Toole, Betty Alexandra (1992). Ada the Enchantress of Numbers: A
Selection from the Letters of Lord Byron’s
Tweet
Synapse: Shaping Partnerships
by Andrew Donovan, Director, Inter-Arts & Business Operations
Arts Funding
The Australia Council’s Synapse art/science strategy is approaching its tenth year. In this time, we have funded significant research collaborations between artists and scientists in the field of robotics, locative media, virtual reality, cinema research and haptic technology. Additionally, we have funded nearly 20 residencies with science institutions in partnership with the Australian Network for Art & Technology.
The Synapse ARC Linkage Grant scheme aims to support artists in genuine research collaborations with scientists. The challenge of this approach is to ensure that the research work of the artists and the scientists is influencing each discipline.

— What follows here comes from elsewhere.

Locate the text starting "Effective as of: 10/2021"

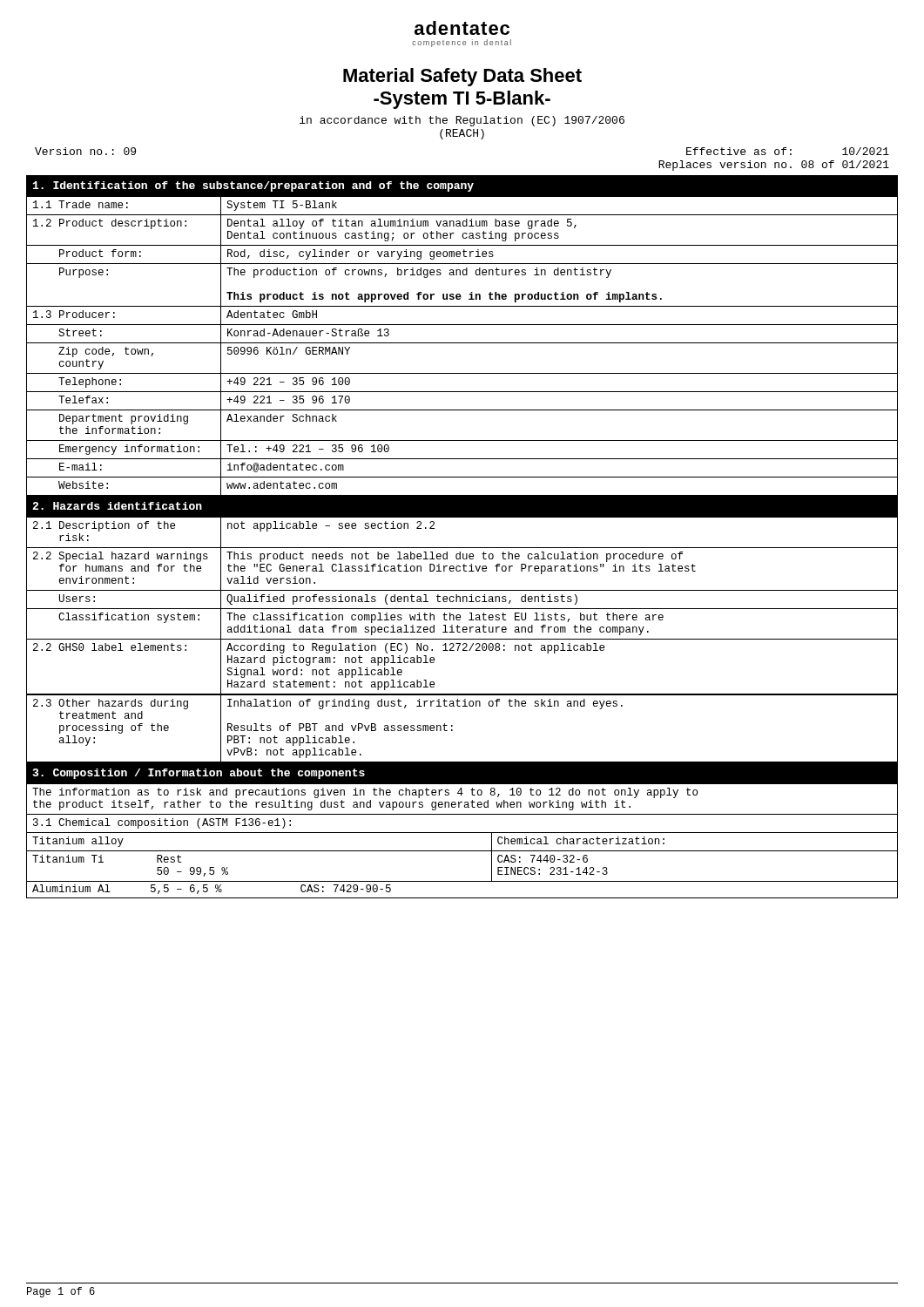[x=774, y=159]
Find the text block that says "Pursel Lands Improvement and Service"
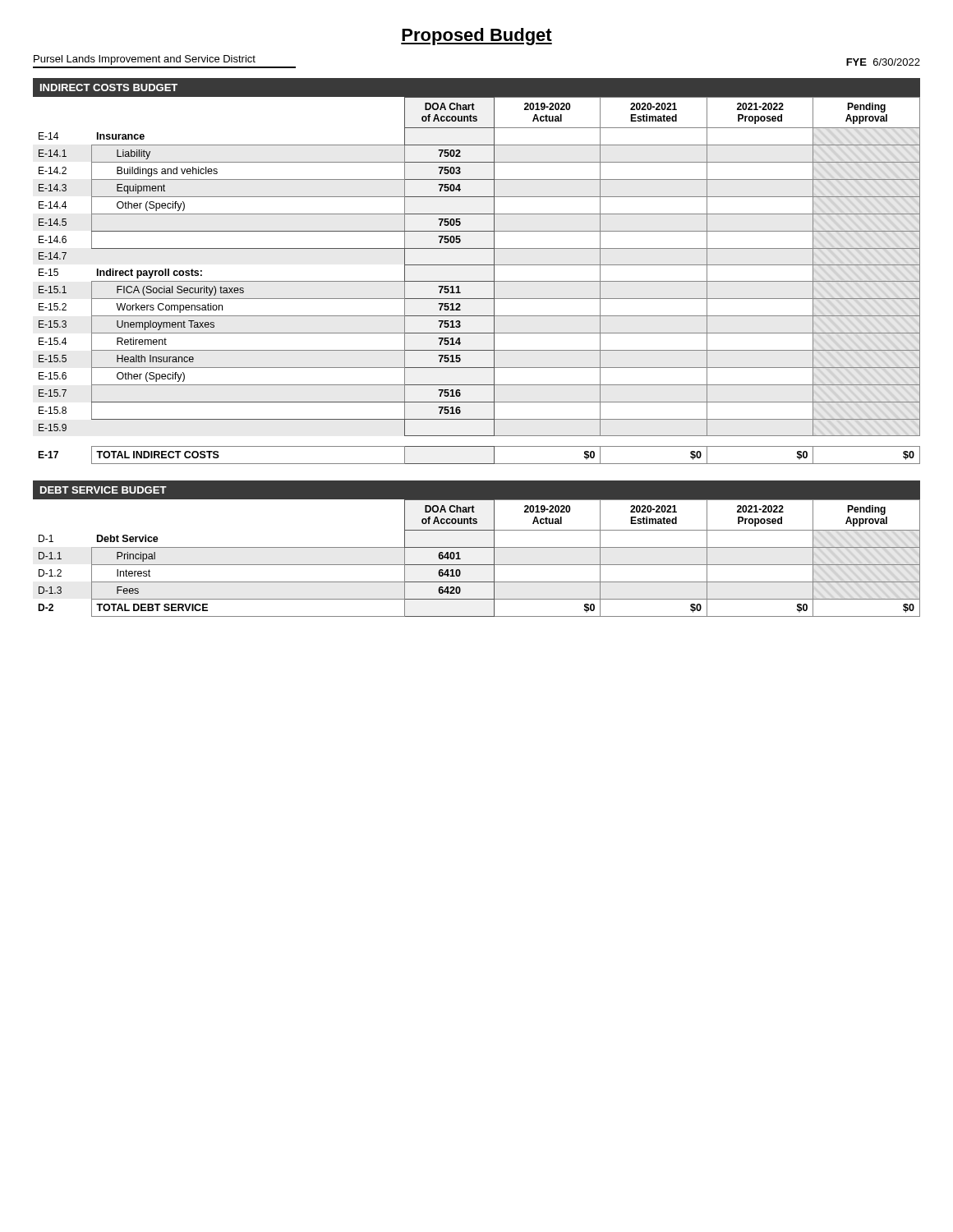Image resolution: width=953 pixels, height=1232 pixels. (144, 59)

Our experience is when first steps are taken in these art/science partnerships, scientists often have the perspective that the artist’s role is to visualise the science research or communicate science outcomes to the broader community. Indeed at an art and ecology roundtable held in 2008, there was a strong division between scientists and artists about their role in addressing climate change. The scientists argued for working with artists who would use their data in a logical and representational way, while the artists maintained their strong desire to interpret and use the data in a far more abstract creative development process. There was also a strong division between artists working with communities to make artworks that create awareness, and those who create work for communities that provoke issues of climate change.
While respecting the benefits of each approach, Synapse has aimed to promote a richer form of collaboration: one where the artist and the scientist are equal partners.
There is nothing wrong with an artist working with a scientist on a science communication project, and it should be encouraged. However, science needs to value the research and development side of artistic practice, and the potential new thinking and knowledge an artist’s approach to their science can bring (and vice versa). The Australia Council’s art/science program endeavours to enable such partnerships and promote the value in exploring collaborative practice-based research.
There have been some excellent outcomes in the ARC Linkage program, where the artist/scientist collaborations have continued well beyond the length of the research program. And where the artist and the scientist have together truly influenced the research outcomes of the disciplines. These are examples of a trans-disciplinary approach to solving problems and are exciting signposts of a future where discipline silos are breaking down. A description of these project can be found at here.
Other Australian examples include the wonderful work of SymbioticA in Western Australia, which is also enjoying ten years of success in partnering artists with scientists within the biological science department of the University of WA.
Curators of art/science need to be acutely aware of the different approaches to this practice. Work needs to be exhibited both within an aesthetic context, but also within a context of purpose, which may include scientific, social and ethical enquiry, and in a way that evokes to an audience a sense of process and collaboration between the two disciplines.